Ore 12.50 – (Mattino di Padova) Tre giocatori squalificati in Serie D nelle squadre padovane. Uno di loro, Nicolò Montin, salterà il big match di domenica prossima al Nuovo Stadio di Este fra i giallorossi locali e la capolista Venezia. Il difensore era stato ammonito domenica scorsa a Dro e a metà ripresa aveva lasciato il posto a Coraini. Gli altri due atleti sospesi dal giudice sportivo per una giornata sono Mattia Maistrello (Abano), che sarà costretto a vedersi dagli spalti la partita di Mestre, e Nicolò Severgnini (Luparense San Paolo), che salterà la trasferta di Belluno.

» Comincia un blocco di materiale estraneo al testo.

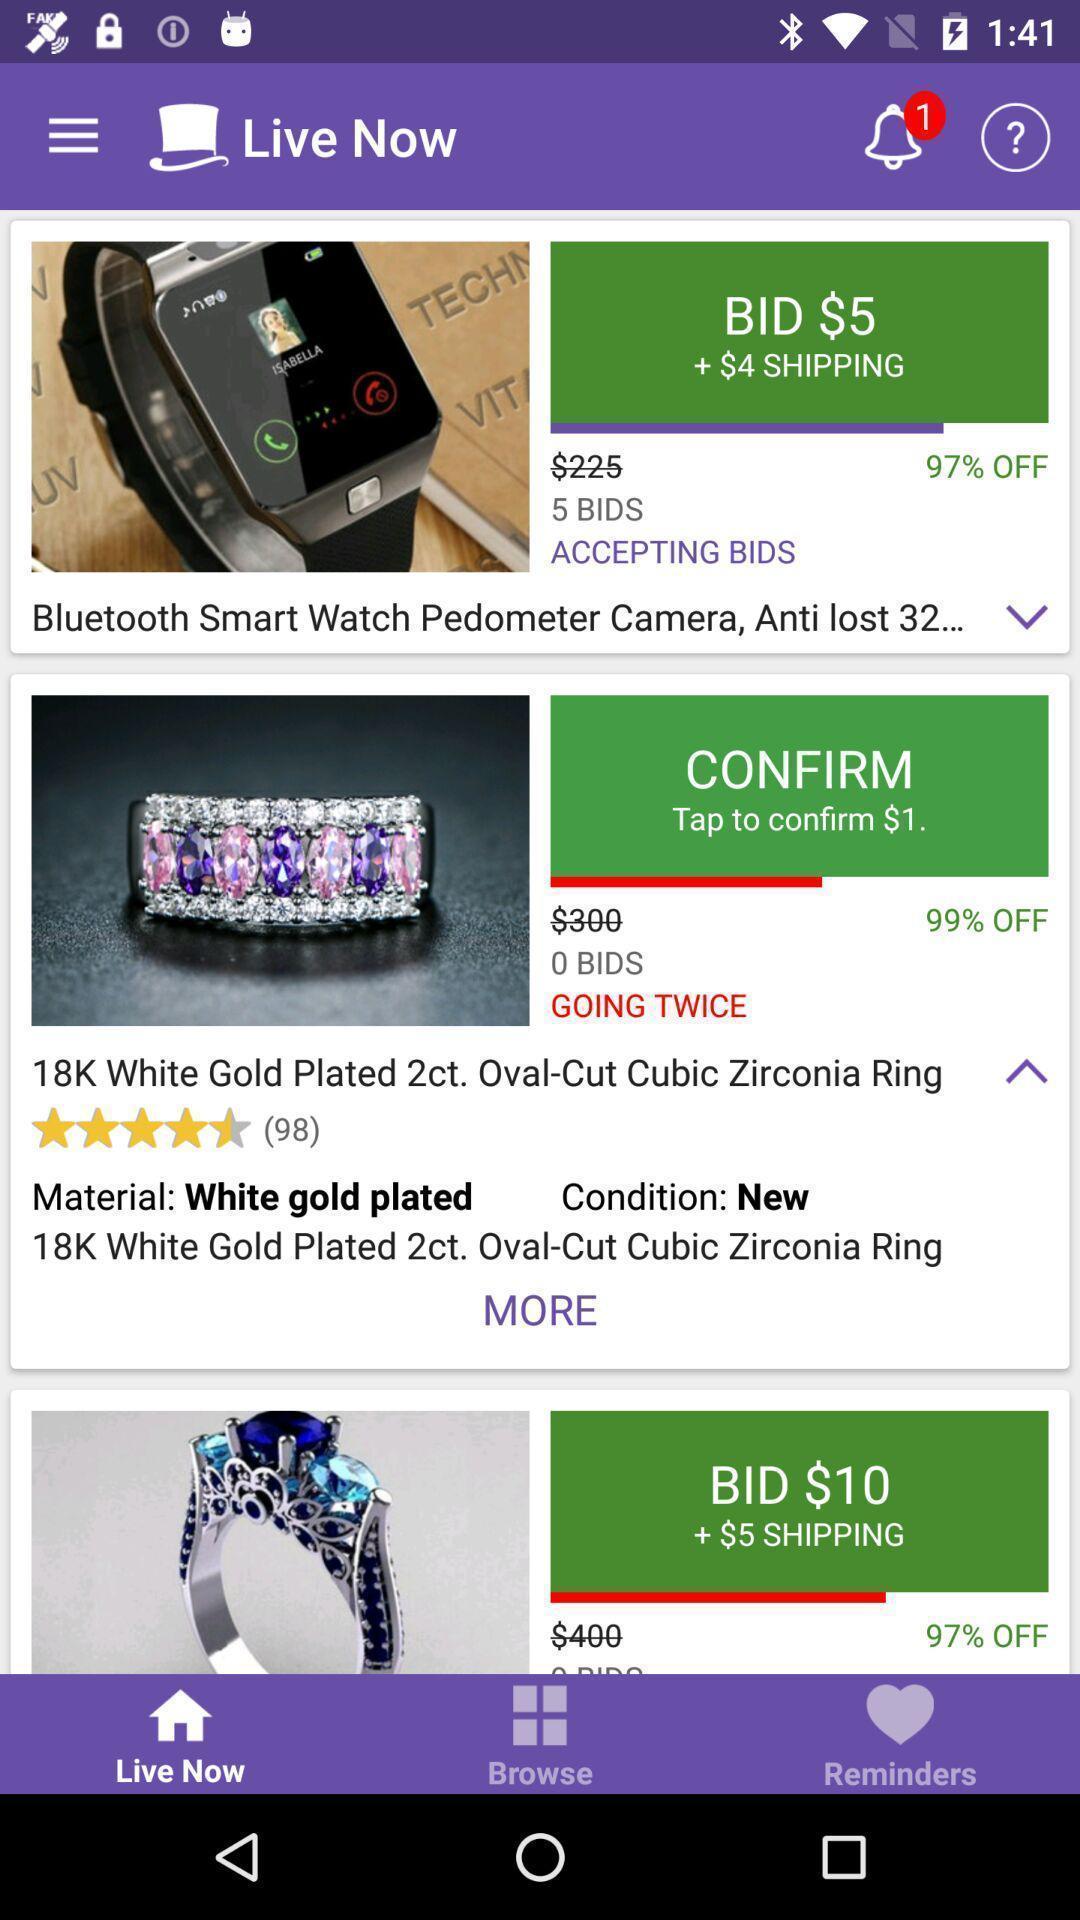Provide a detailed account of this screenshot. Page showing products from shopping app. 
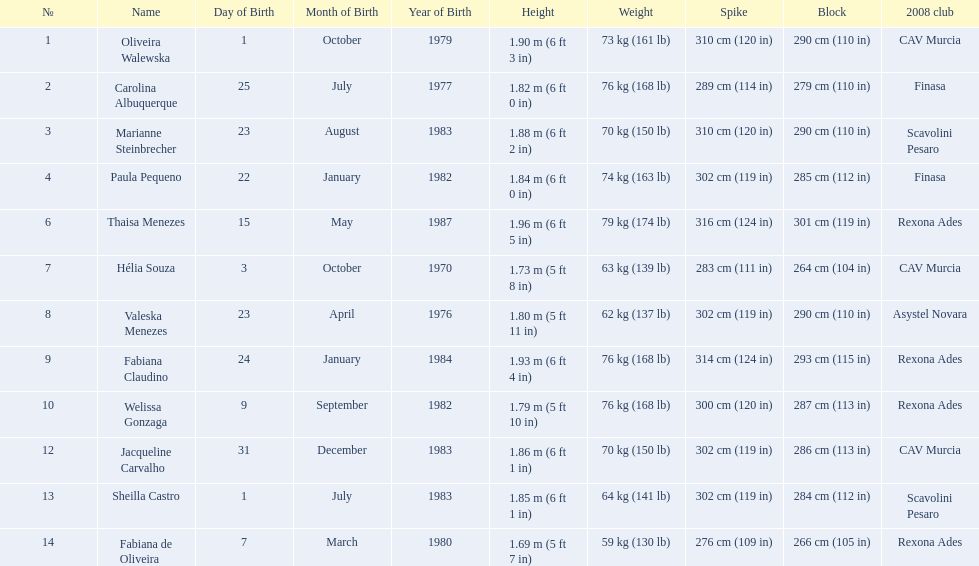What are the heights of the players? 1.90 m (6 ft 3 in), 1.82 m (6 ft 0 in), 1.88 m (6 ft 2 in), 1.84 m (6 ft 0 in), 1.96 m (6 ft 5 in), 1.73 m (5 ft 8 in), 1.80 m (5 ft 11 in), 1.93 m (6 ft 4 in), 1.79 m (5 ft 10 in), 1.86 m (6 ft 1 in), 1.85 m (6 ft 1 in), 1.69 m (5 ft 7 in). Which of these heights is the shortest? 1.69 m (5 ft 7 in). Which player is 5'7 tall? Fabiana de Oliveira. 
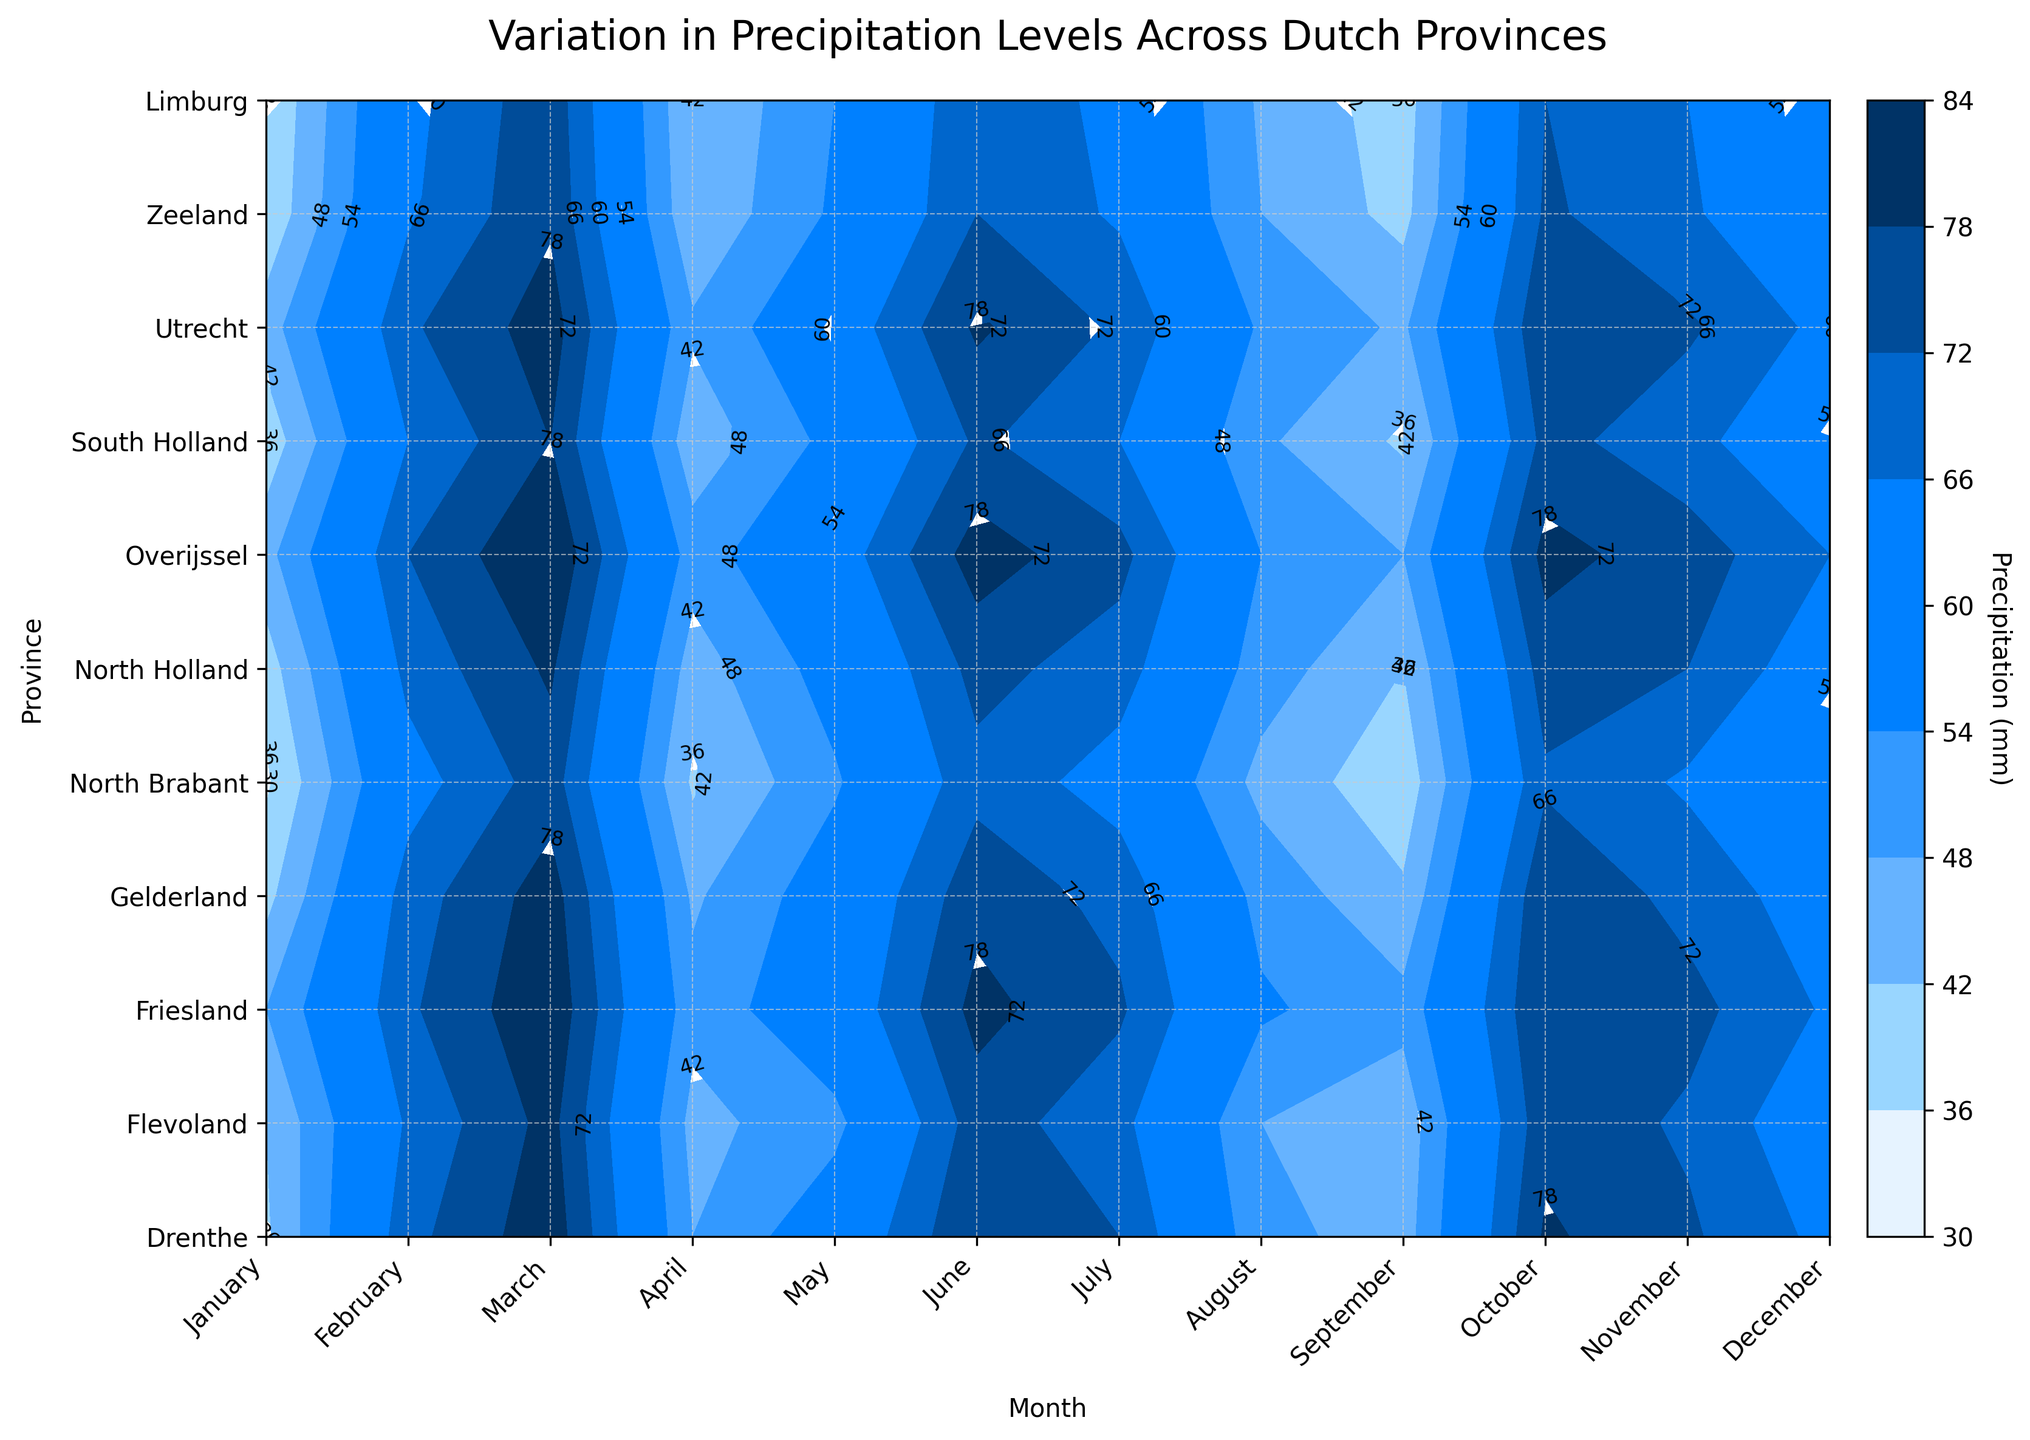What is the title of the plot? The title of the plot is usually located at the top center of the figure and is meant to give a clear idea of what the plot represents. In this case, it reads "Variation in Precipitation Levels Across Dutch Provinces".
Answer: Variation in Precipitation Levels Across Dutch Provinces Which province has the highest precipitation in December? To locate the highest precipitation in December, find the label for December on the x-axis and identify which contour in that column has the highest value. North Holland shows the highest value in December with 84 mm.
Answer: North Holland What month has the lowest precipitation in Limburg? To find this, look at the row corresponding to Limburg. Scan across all months and find the lowest contour label. The month with the lowest precipitation is April, with 35 mm.
Answer: April Compare the precipitation levels in July between North Brabant and Gelderland. Which one is higher? To compare, locate the July labels on the x-axis and follow them down to the rows for North Brabant and Gelderland. North Brabant registers at 74 mm, while Gelderland registers at 76 mm. Thus, Gelderland has the higher precipitation level.
Answer: Gelderland What is the average precipitation in Friesland for the months of June, July, and August? Add the precipitation values for June, July, and August in Friesland and then divide by 3 to get the average: (73 + 80 + 71) / 3 = 74.67 mm.
Answer: 74.67 mm Identify the month and province with the lowest overall precipitation. Scanning the entire plot for the smallest value, the values are observed lowest in Limburg in April with 35 mm. Compare each month's minimum value across all provinces.
Answer: April and Limburg Which month shows the most significant variation in precipitation among all provinces? Identify this by comparing the contour range (difference between highest and lowest values) across all provinces for each month. December shows the most significant variation with precipitation ranging from 75 mm in Limburg to 84 mm in North Holland.
Answer: December Do Drenthe and Friesland have similar precipitation patterns? To determine this, compare the contour labels of Drenthe and Friesland row-by-row. Observing the contour labels, they share similar trends with close values for each corresponding month, indicating similar precipitation patterns.
Answer: Yes Which provinces have precipitation levels higher than 70 mm in October? Locate the column for October and check which provinces have contour labels above 70 mm. The provinces are Drenthe, Gelderland, North Holland, and South Holland.
Answer: Drenthe, Gelderland, North Holland, and South Holland 
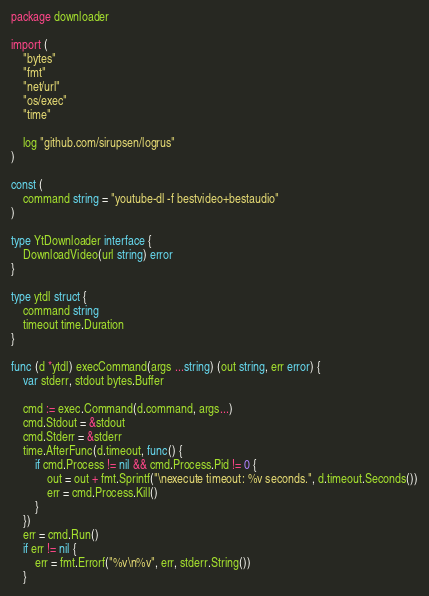<code> <loc_0><loc_0><loc_500><loc_500><_Go_>package downloader

import (
	"bytes"
	"fmt"
	"net/url"
	"os/exec"
	"time"

	log "github.com/sirupsen/logrus"
)

const (
	command string = "youtube-dl -f bestvideo+bestaudio"
)

type YtDownloader interface {
	DownloadVideo(url string) error
}

type ytdl struct {
	command string
	timeout time.Duration
}

func (d *ytdl) execCommand(args ...string) (out string, err error) {
	var stderr, stdout bytes.Buffer

	cmd := exec.Command(d.command, args...)
	cmd.Stdout = &stdout
	cmd.Stderr = &stderr
	time.AfterFunc(d.timeout, func() {
		if cmd.Process != nil && cmd.Process.Pid != 0 {
			out = out + fmt.Sprintf("\nexecute timeout: %v seconds.", d.timeout.Seconds())
			err = cmd.Process.Kill()
		}
	})
	err = cmd.Run()
	if err != nil {
		err = fmt.Errorf("%v\n%v", err, stderr.String())
	}</code> 
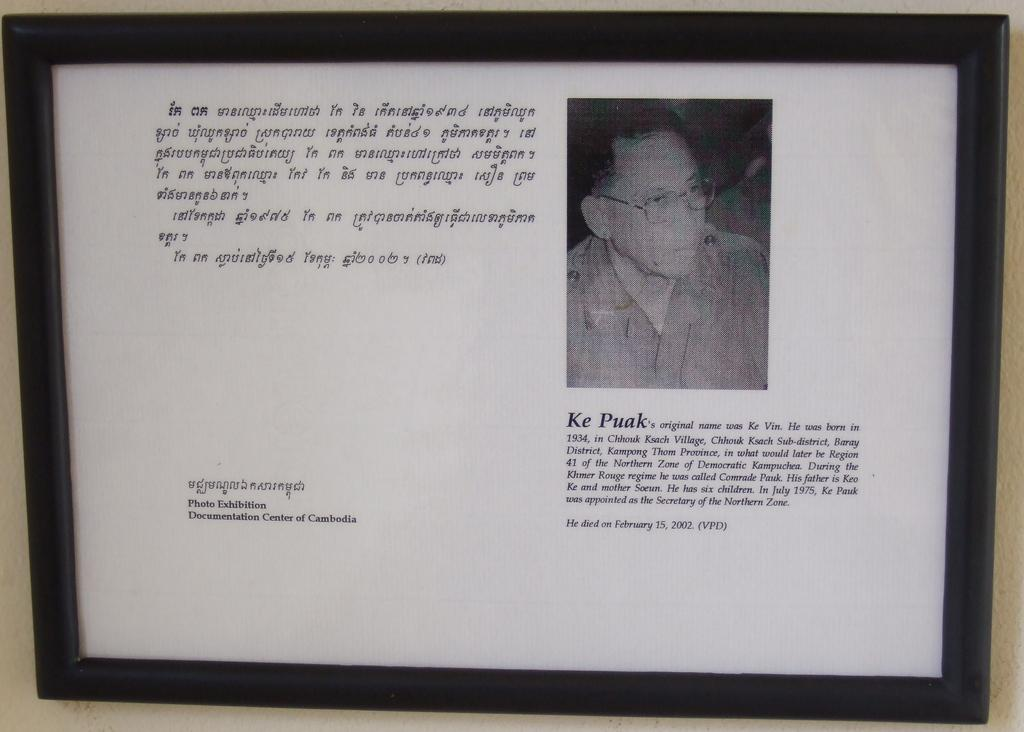<image>
Describe the image concisely. A picture frame hangs on a wall with a picture of a man name Ke Puak. 
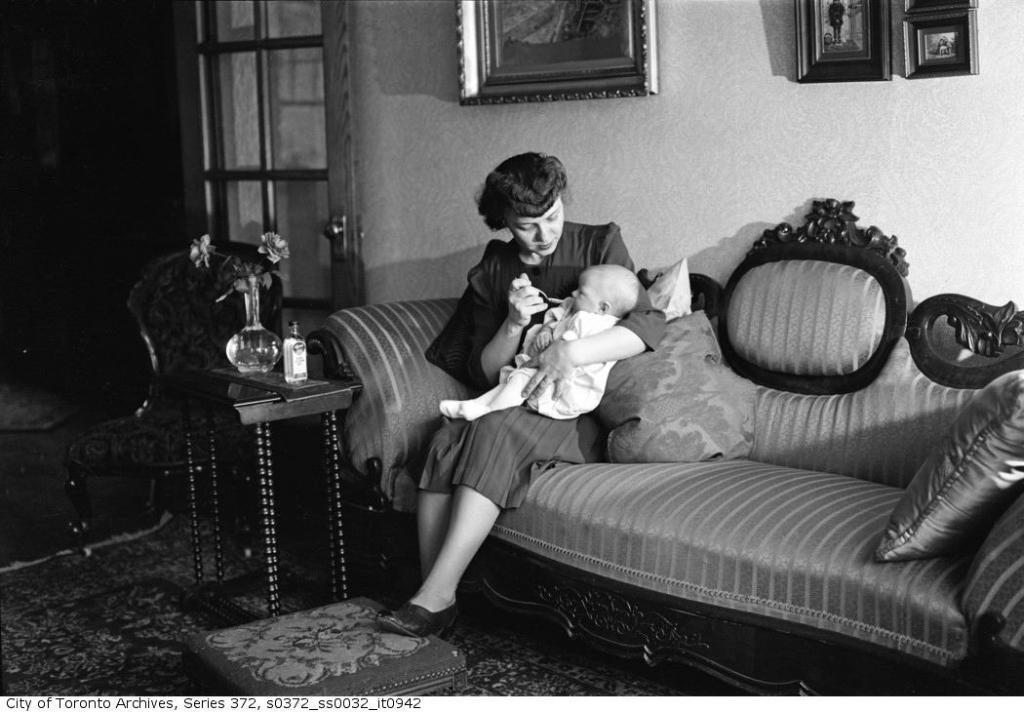Describe this image in one or two sentences. Here we can see a woman sitting on a couch feeding something to the baby in her hand, in front of her we can see a bottle and a flower vase and behind her we can see portraits present on the wall and there is a door beside that

Ore 12.20 – (Gazzettino) A sorpresa, ma non troppo, ieri è arrivata ad Andrea Gabrielli una lettera di elogio da parte del presidente della Lega Pro Gabriele Gravina, riferita al fair play e al calcio di valori dimostrati dal Cittadella non solo nell’ultima partita con il Bassano. «L’ospite, l’hospes latino, ha il duplice significato di “colui che ospita” e “colui che è ospitato” e sugli spalti del Tombolato si è visto come i tifosi siano stati considerati ospiti e protagonisti in un teatro, dove si vive la passione per il calcio”. Nell’allenamento di ieri regolarmente in gruppo Pascali, che aveva giocato con il Bassano fasciato per una ferita fra naso e occhio destro. Benedetti, invece, ha una contrattura ai flessori della coscia destra; fermo anche Bonazzoli per la costola sinistra fratturata nella partita di Foggia. Intanto sono aperte le prevendite per la partite di domenica a Reggio (circuito Tiketone). Il club “Angelo Gabrielli Granata per sempre” si muoverà in pullman in partenza domenica alle 11.30 dal bar Stadio; al ritorno cena “Da Godi” a Fontaniva (informazioni al 339.399.12.19).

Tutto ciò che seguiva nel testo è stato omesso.